Exercise input:
****************

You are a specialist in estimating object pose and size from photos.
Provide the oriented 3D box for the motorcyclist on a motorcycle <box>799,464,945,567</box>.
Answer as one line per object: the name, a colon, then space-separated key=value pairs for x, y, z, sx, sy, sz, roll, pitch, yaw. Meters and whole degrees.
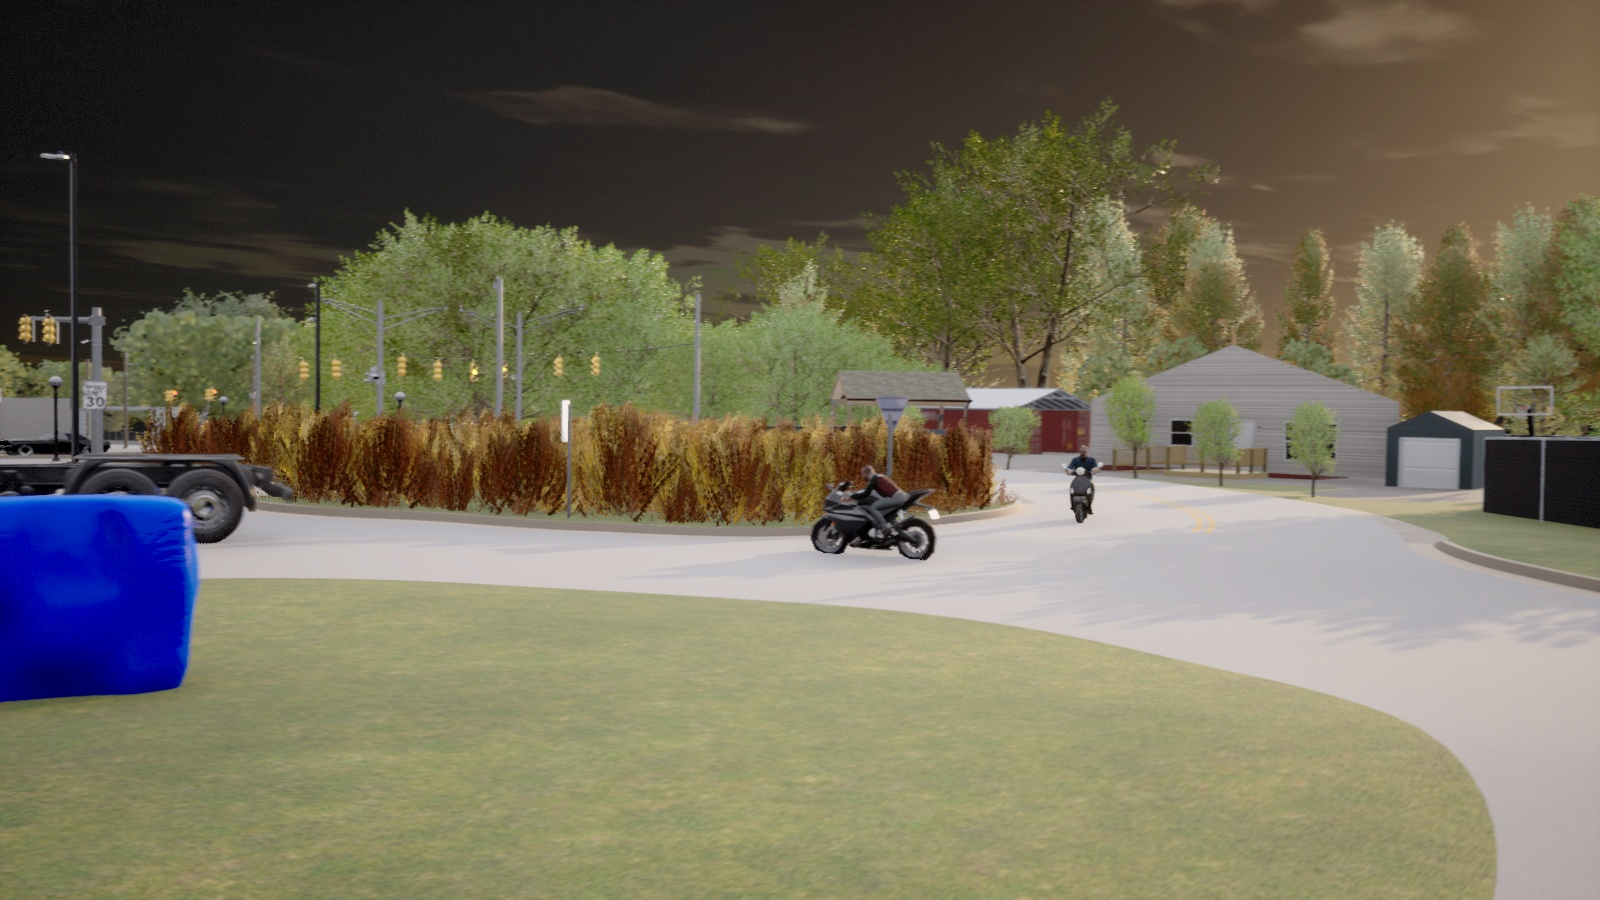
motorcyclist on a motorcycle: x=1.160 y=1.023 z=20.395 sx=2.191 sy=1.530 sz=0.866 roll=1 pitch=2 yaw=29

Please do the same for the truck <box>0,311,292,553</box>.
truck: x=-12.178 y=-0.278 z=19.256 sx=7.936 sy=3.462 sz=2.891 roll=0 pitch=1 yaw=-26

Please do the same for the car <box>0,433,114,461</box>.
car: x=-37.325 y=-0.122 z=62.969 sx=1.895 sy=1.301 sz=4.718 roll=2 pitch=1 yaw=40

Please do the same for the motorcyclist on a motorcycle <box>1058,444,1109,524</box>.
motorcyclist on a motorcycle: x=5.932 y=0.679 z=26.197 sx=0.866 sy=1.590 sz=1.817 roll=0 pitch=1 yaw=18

****************

What you need to do: Only the lines from the one containing "Please do the same for the truck" through the final line of the data belong in the answer, repeated exactly.

Output of the exercise:
Please do the same for the truck <box>0,311,292,553</box>.
truck: x=-12.178 y=-0.278 z=19.256 sx=7.936 sy=3.462 sz=2.891 roll=0 pitch=1 yaw=-26

Please do the same for the car <box>0,433,114,461</box>.
car: x=-37.325 y=-0.122 z=62.969 sx=1.895 sy=1.301 sz=4.718 roll=2 pitch=1 yaw=40

Please do the same for the motorcyclist on a motorcycle <box>1058,444,1109,524</box>.
motorcyclist on a motorcycle: x=5.932 y=0.679 z=26.197 sx=0.866 sy=1.590 sz=1.817 roll=0 pitch=1 yaw=18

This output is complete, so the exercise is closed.